# Bulk imports with Datomic

This is a repost. You can find the original here

I’ve been really happy with Datomic, but doing an initial bulk import wasn’t as familiar as SQL dump/restore. Here are some things that I’ve learned from doing several imports.

The Datomic transactor handles concurrency by transacting datoms serially, but that doesn’t mean it isn’t fast! In my experience, the bottleneck is actually in the reshaping of data and formatting transactions. I use core.async to parallelize just about everything in the import pipeline.

One example of how I’ve leveraged core.async for import jobs can be found in my Kevin Bacon project repository.

I use DynamoDB as my storage backend in production. I used to try to run my import tasks directly to the production transactor/storage. Lately, though, I’ve found it really helpful to run my import tasks to a locally-running transactor and the dev storage backend.

Running an import locally means I don’t have to worry about networking, which speeds the whole process up quite a bit; also, it give me a much more freedom to iterate on the database design itself. (I rarely get an import correct the first time.) And in the case of DynamoDB, I save some money, as I don’t have to have my “write throughput” cranked way up for as long.

Bulk imports create some garbage, so manually reindexing before backing up is advantageous.

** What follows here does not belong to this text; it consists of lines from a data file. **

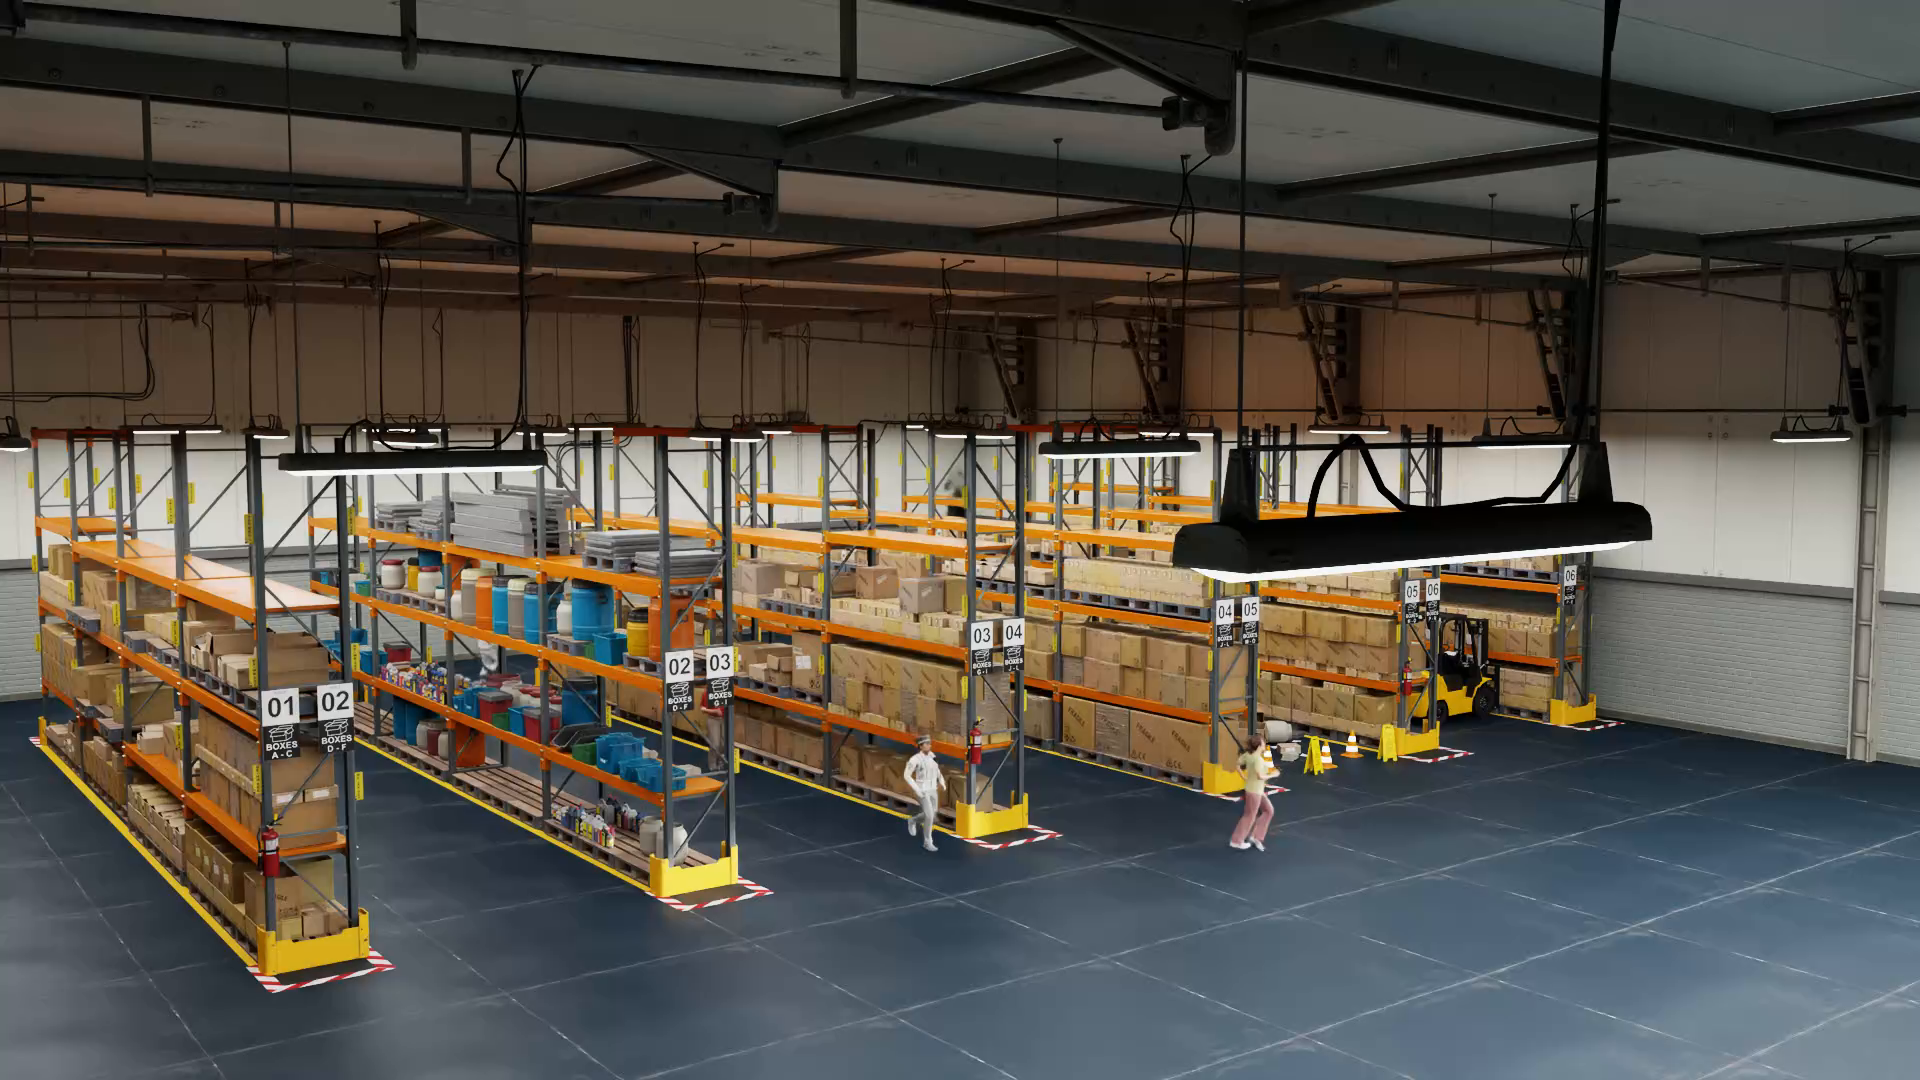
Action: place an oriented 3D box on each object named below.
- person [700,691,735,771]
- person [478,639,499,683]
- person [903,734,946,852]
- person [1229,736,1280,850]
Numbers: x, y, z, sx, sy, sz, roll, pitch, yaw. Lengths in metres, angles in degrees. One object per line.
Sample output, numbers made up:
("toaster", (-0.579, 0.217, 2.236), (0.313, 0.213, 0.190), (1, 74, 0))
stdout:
("person", (-4.186, 3.208, 29.017), (0.648, 1.708, 0.621), (-4, 6, -41))
("person", (-10.777, 2.465, 38.058), (0.645, 1.737, 0.576), (4, 6, 40))
("person", (-0.540, 3.626, 24.079), (0.654, 1.673, 0.714), (-4, 6, -44))
("person", (4.212, 3.646, 23.766), (0.694, 1.710, 0.546), (0, 4, -2))
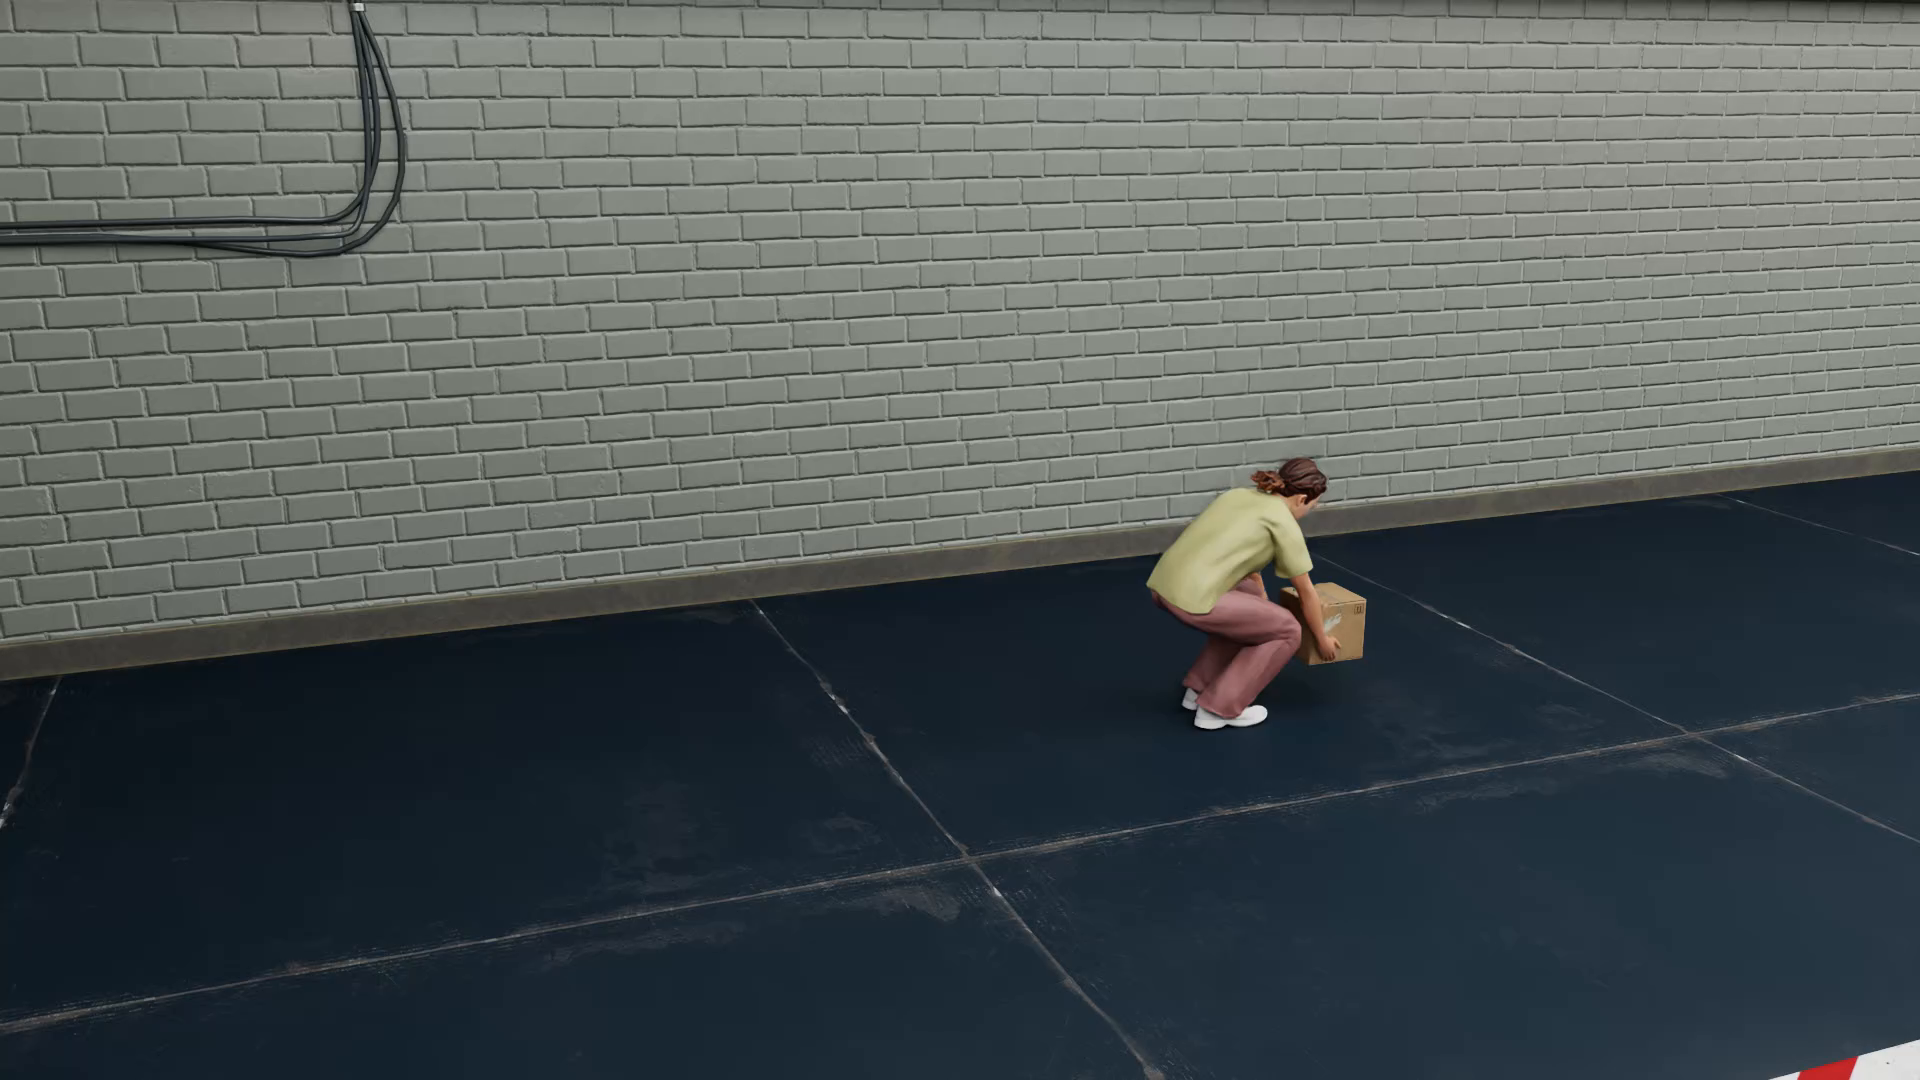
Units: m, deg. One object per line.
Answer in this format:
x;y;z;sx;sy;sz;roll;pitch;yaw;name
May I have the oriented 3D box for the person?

Here’s what a REPL session looks like:

(def conn (d/connect "datomic:dev://localhost:4334/database-name"))
(d/request-index conn)
(->> conn d/db d/basis-t (d/sync-index conn) deref)
;; blocks until done indexing
(d/gc-storage conn (java.util.Date.))


For more information on why this cleanup is important, see the relevant Datomic documentation.

1. Run the datomic backup-db command against the local import.
3. Run the datomic restore-db command from the backup folder to the remote database.